With the images left out, print every entry that follows exactly.

——

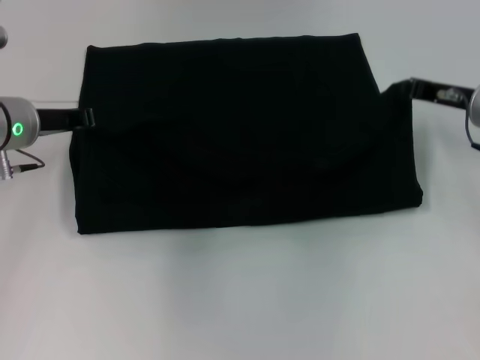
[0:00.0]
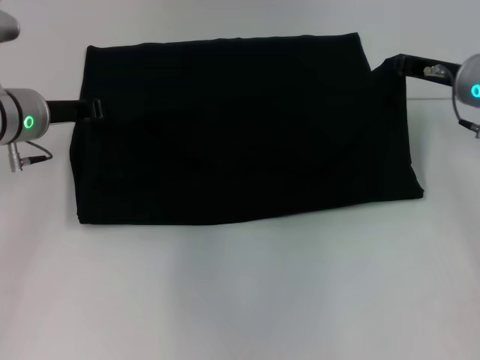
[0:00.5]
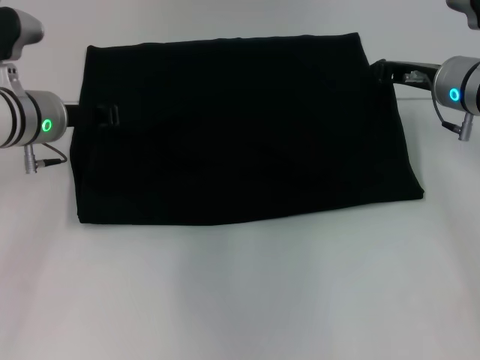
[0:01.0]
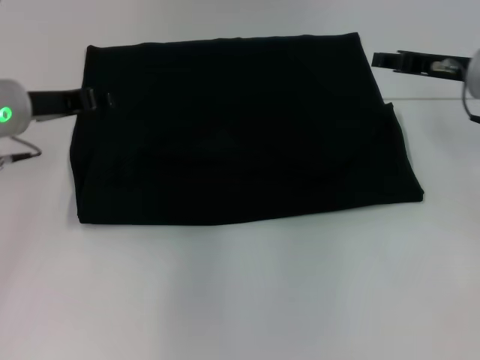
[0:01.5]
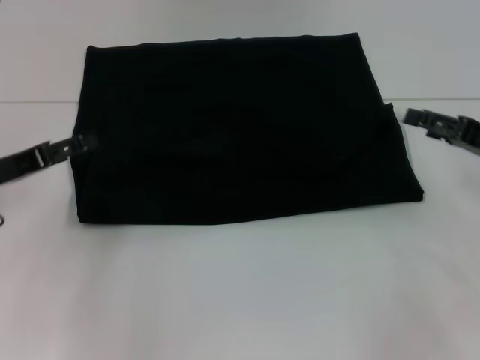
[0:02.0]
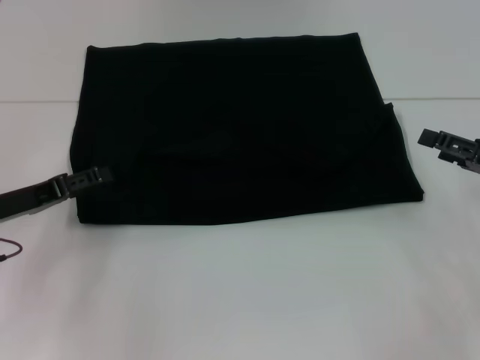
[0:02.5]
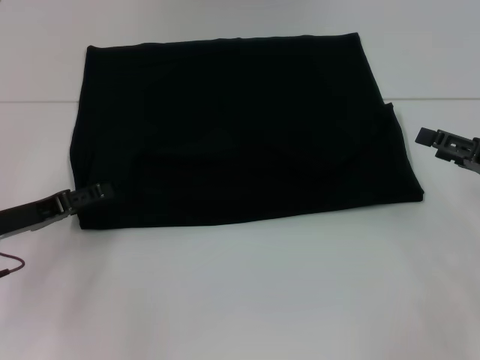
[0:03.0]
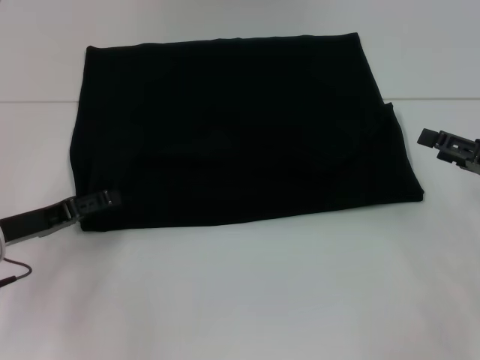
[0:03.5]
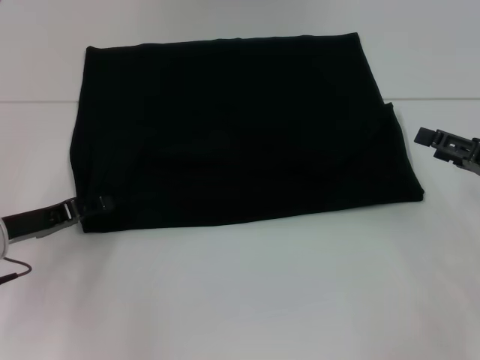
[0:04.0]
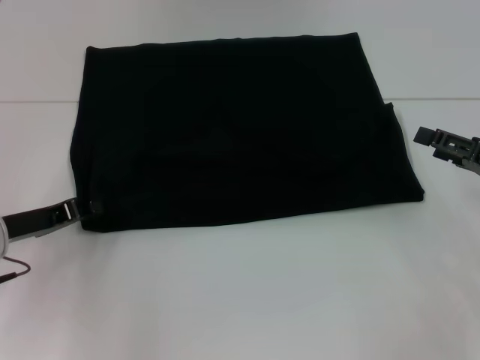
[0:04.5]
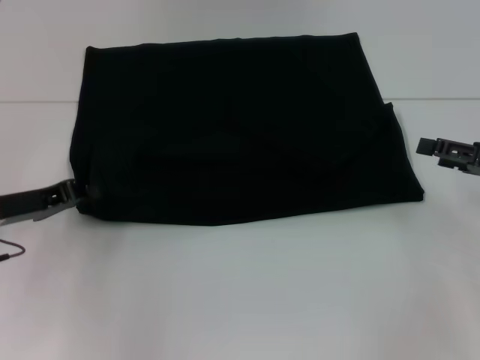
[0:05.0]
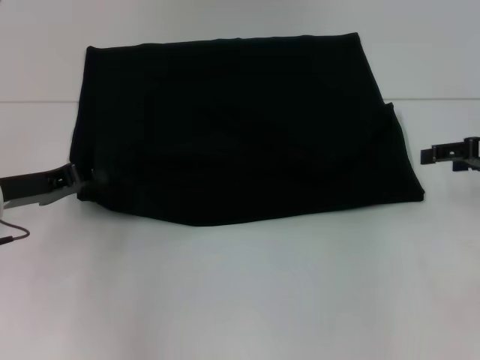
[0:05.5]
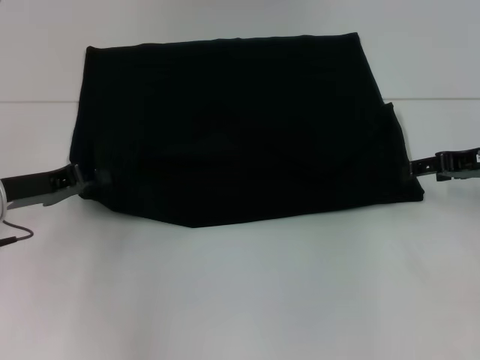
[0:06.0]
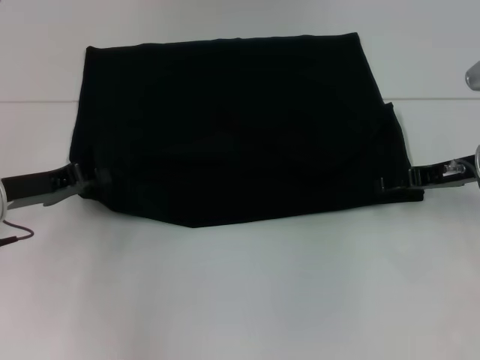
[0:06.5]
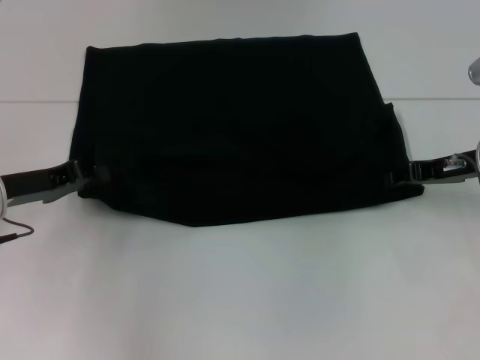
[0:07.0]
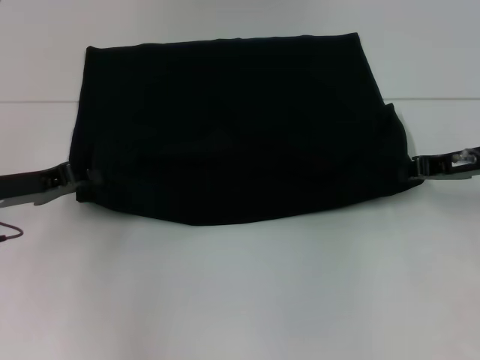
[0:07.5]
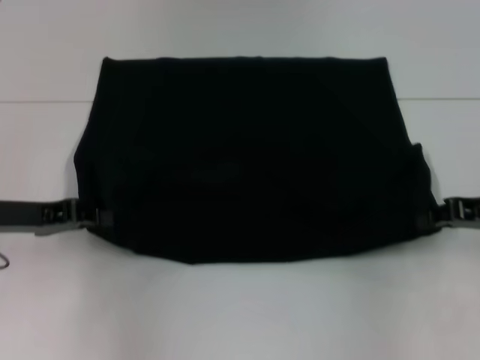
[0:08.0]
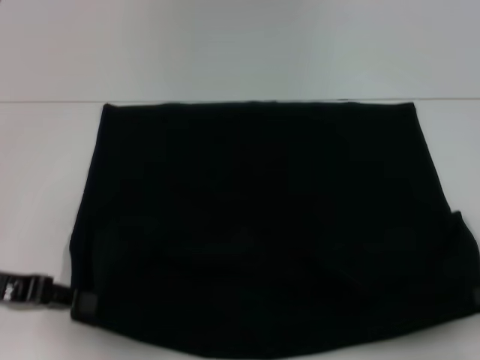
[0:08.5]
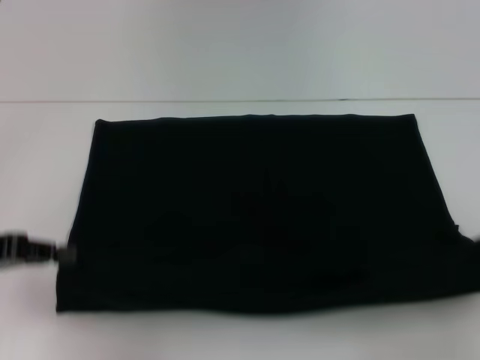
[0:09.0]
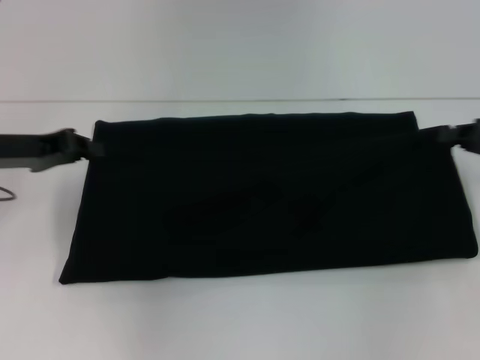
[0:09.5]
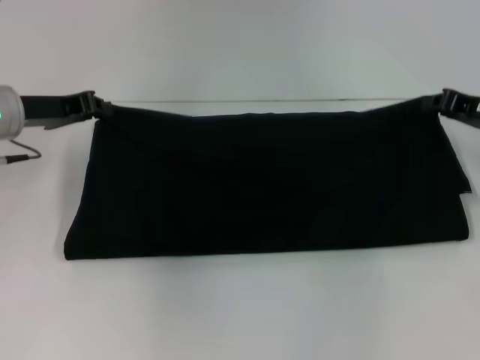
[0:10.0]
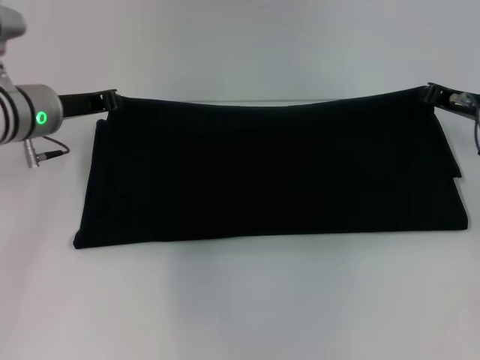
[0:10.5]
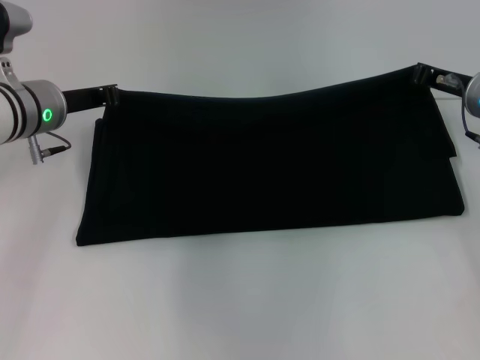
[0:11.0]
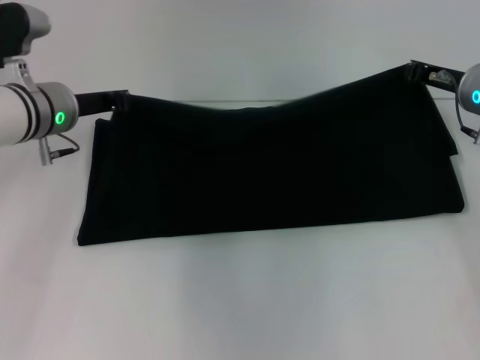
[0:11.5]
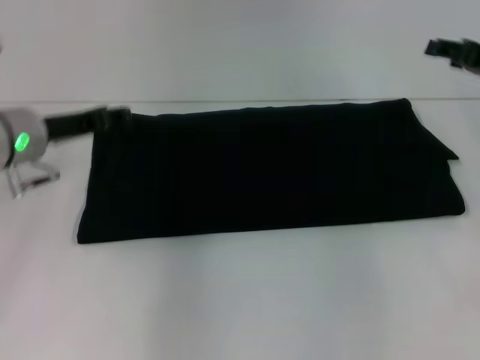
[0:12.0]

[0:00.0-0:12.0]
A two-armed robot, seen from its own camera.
Step, 0:01.5 to 0:08.5: Pull the clothes with your left hand.
Step, 0:01.5 to 0:08.5: Pull the clothes with your right hand.
Step, 0:09.0 to 0:11.5: Fold the clothes with your right hand.
0:00.0 to 0:02.0: The right gripper heads backward and to the right, covering about 10 cm, and opens, while the left gripper travels backward and to the left by some 10 cm, and opens its fingers.
0:02.0 to 0:04.0: The left gripper heads downward, covering roughly 5 cm.
0:04.0 to 0:06.0: The left gripper closes its fingers. Meanwhile the right gripper travels forward by roughly 5 cm.
0:06.0 to 0:08.0: The right gripper shifts approximately 5 cm backward, and closes up.
0:08.0 to 0:10.0: Both grippers travel together forward, roughly 5 cm.
0:10.0 to 0:12.0: The right gripper opens. Meanwhile the left gripper opens.

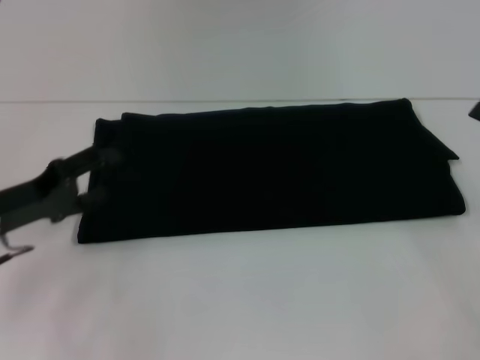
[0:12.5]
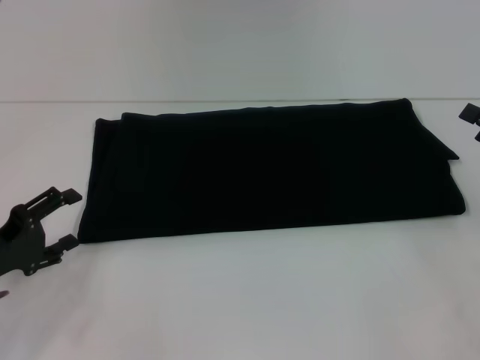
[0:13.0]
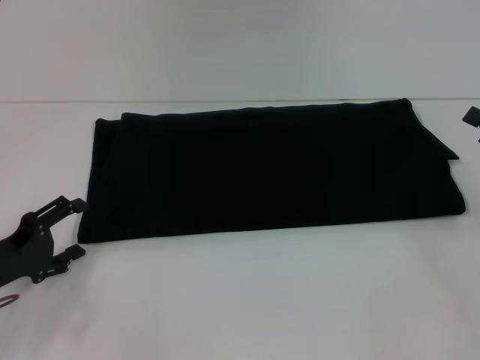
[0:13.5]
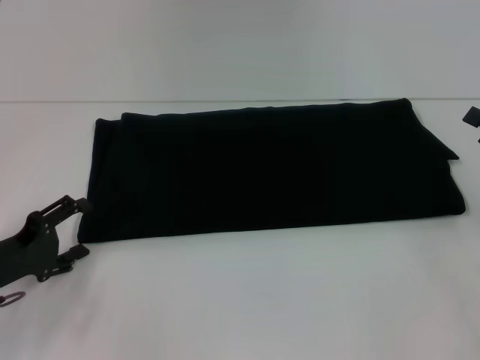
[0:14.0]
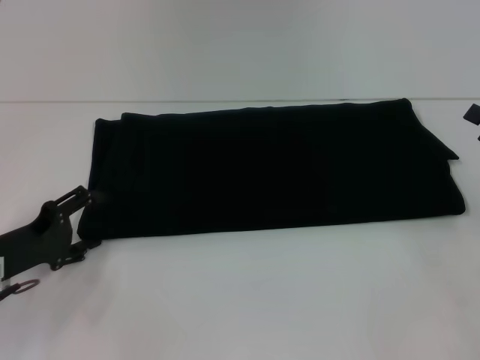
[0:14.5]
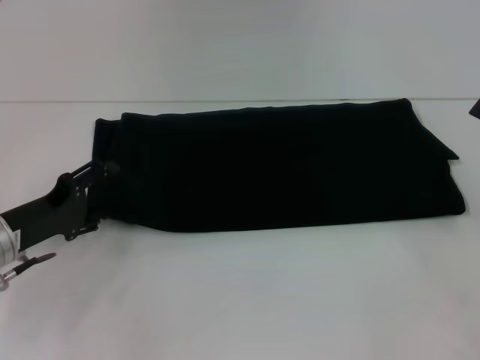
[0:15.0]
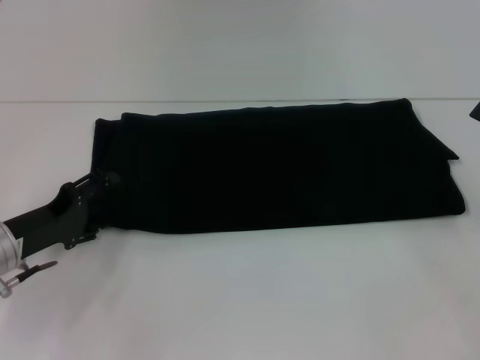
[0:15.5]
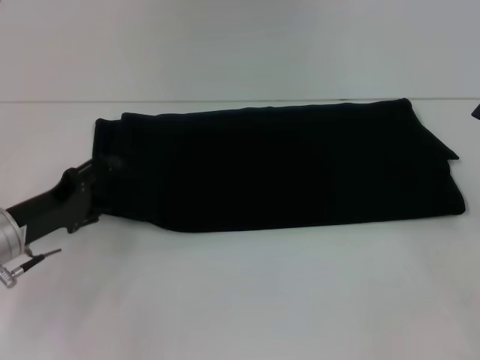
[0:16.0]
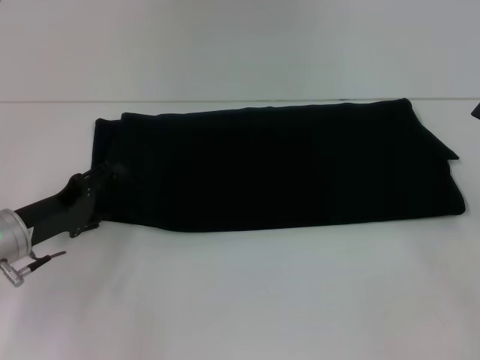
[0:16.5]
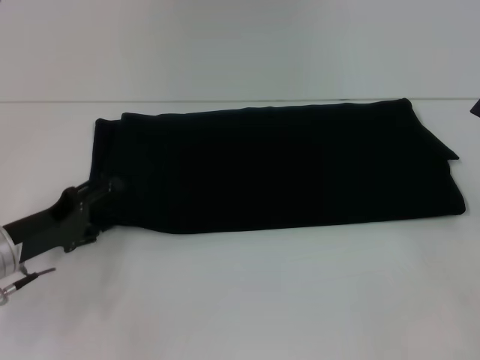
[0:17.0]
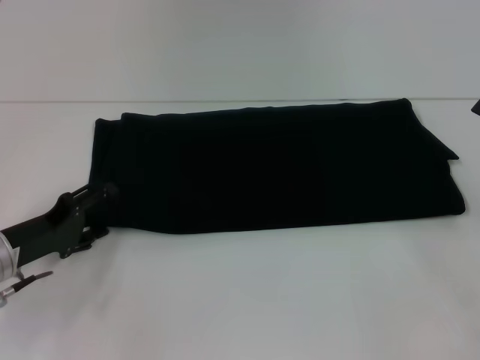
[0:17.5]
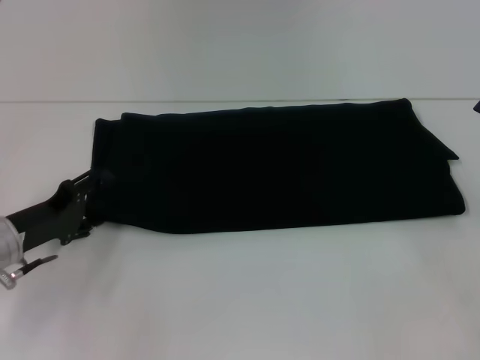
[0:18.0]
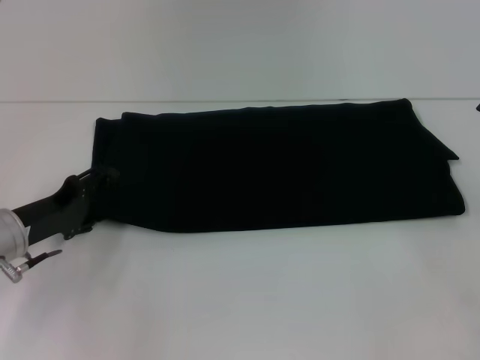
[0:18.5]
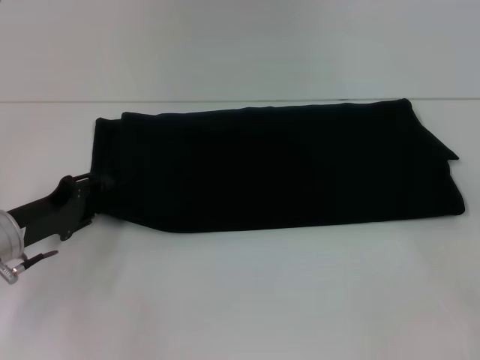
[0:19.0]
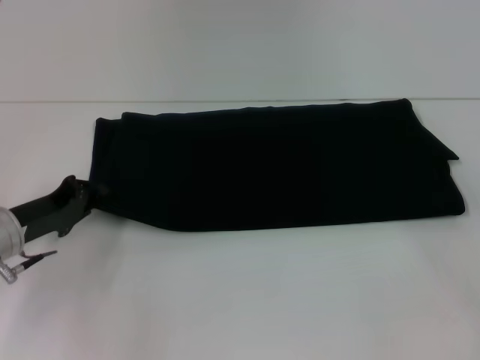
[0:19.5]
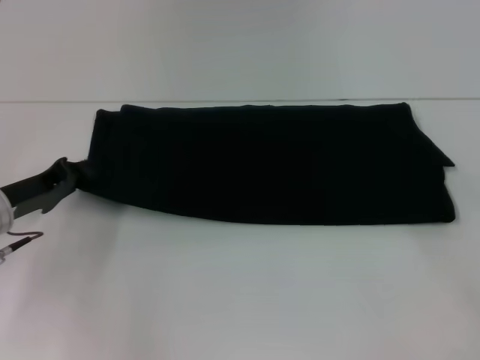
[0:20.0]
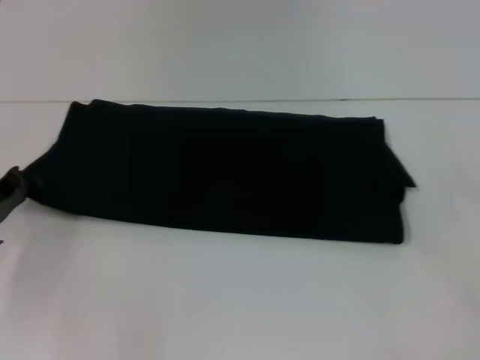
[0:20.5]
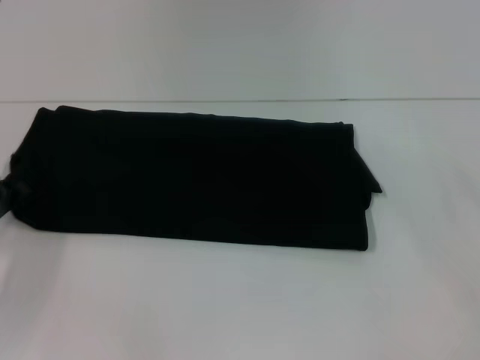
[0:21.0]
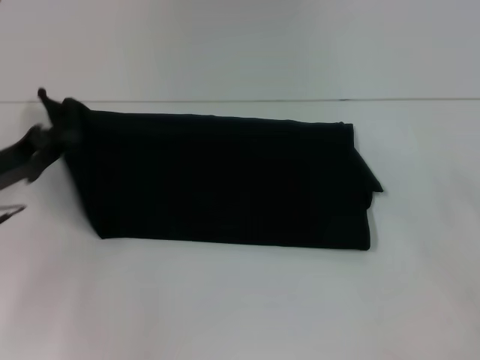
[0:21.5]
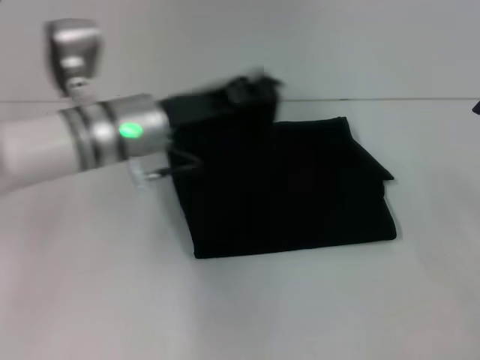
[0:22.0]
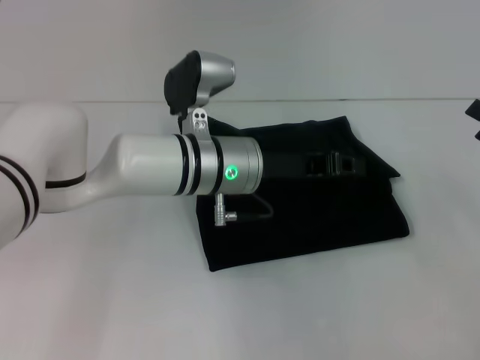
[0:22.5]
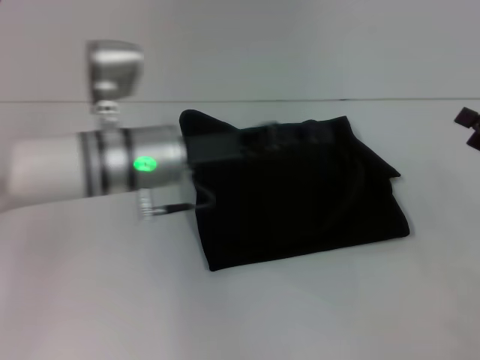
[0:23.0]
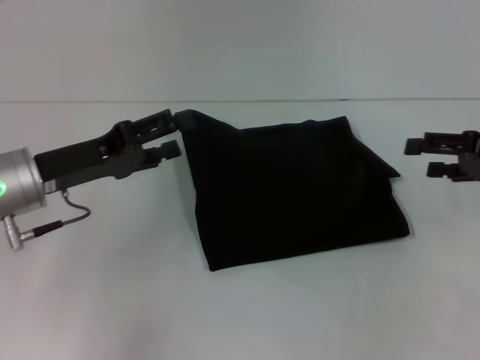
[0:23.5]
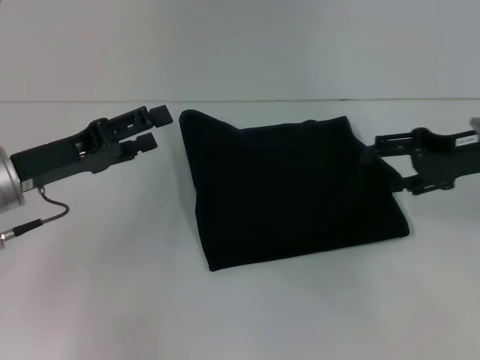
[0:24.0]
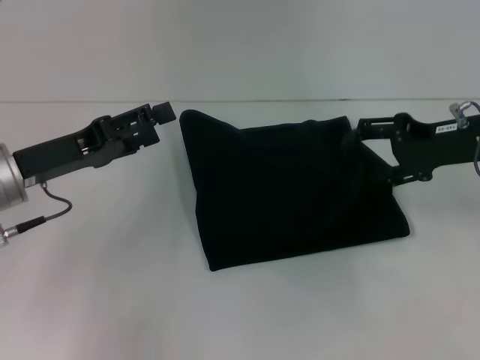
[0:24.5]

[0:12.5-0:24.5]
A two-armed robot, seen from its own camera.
0:12.5 to 0:14.5: The left gripper ends up some 5 cm from where it was.
0:14.5 to 0:18.5: The grippers stay close to where they were, moving slightly.
0:18.5 to 0:20.5: The left gripper travels to the left by roughly 5 cm, and closes.
0:20.5 to 0:22.5: The left gripper shifts roughly 30 cm to the right.
0:22.5 to 0:24.5: The right gripper is displaced forward, to the left and upward by approximately 15 cm; the left gripper heads to the left, covering about 20 cm, and opens up.

——

TASK SOLUTION
[0:00.0]
[0:00.5]
[0:01.0]
[0:01.5]
[0:02.0]
[0:02.5]
[0:03.0]
[0:03.5]
[0:04.0]
[0:04.5]
[0:05.0]
[0:05.5]
[0:06.0]
[0:06.5]
[0:07.0]
[0:07.5]
[0:08.0]
[0:08.5]
[0:09.0]
[0:09.5]
[0:10.0]
[0:10.5]
[0:11.0]
[0:11.5]
[0:12.0]

[0:00.0-0:12.0]
A two-armed robot, seen from its own camera.
Step, 0:01.5 to 0:08.5: Pull the clothes with your left hand.
Step, 0:01.5 to 0:08.5: Pull the clothes with your right hand.
Step, 0:09.0 to 0:11.5: Fold the clothes with your right hand.
0:00.0 to 0:02.0: The right gripper heads backward and to the right, covering about 10 cm, and opens, while the left gripper travels backward and to the left by some 10 cm, and opens its fingers.
0:02.0 to 0:04.0: The left gripper heads downward, covering roughly 5 cm.
0:04.0 to 0:06.0: The left gripper closes its fingers. Meanwhile the right gripper travels forward by roughly 5 cm.
0:06.0 to 0:08.0: The right gripper shifts approximately 5 cm backward, and closes up.
0:08.0 to 0:10.0: Both grippers travel together forward, roughly 5 cm.
0:10.0 to 0:12.0: The right gripper opens. Meanwhile the left gripper opens.

[0:12.5]
[0:13.0]
[0:13.5]
[0:14.0]
[0:14.5]
[0:15.0]
[0:15.5]
[0:16.0]
[0:16.5]
[0:17.0]
[0:17.5]
[0:18.0]
[0:18.5]
[0:19.0]
[0:19.5]
[0:20.0]
[0:20.5]
[0:21.0]
[0:21.5]
[0:22.0]
[0:22.5]
[0:23.0]
[0:23.5]
[0:24.0]
[0:24.5]

[0:12.5-0:24.5]
A two-armed robot, seen from its own camera.
0:12.5 to 0:14.5: The left gripper ends up some 5 cm from where it was.
0:14.5 to 0:18.5: The grippers stay close to where they were, moving slightly.
0:18.5 to 0:20.5: The left gripper travels to the left by roughly 5 cm, and closes.
0:20.5 to 0:22.5: The left gripper shifts roughly 30 cm to the right.
0:22.5 to 0:24.5: The right gripper is displaced forward, to the left and upward by approximately 15 cm; the left gripper heads to the left, covering about 20 cm, and opens up.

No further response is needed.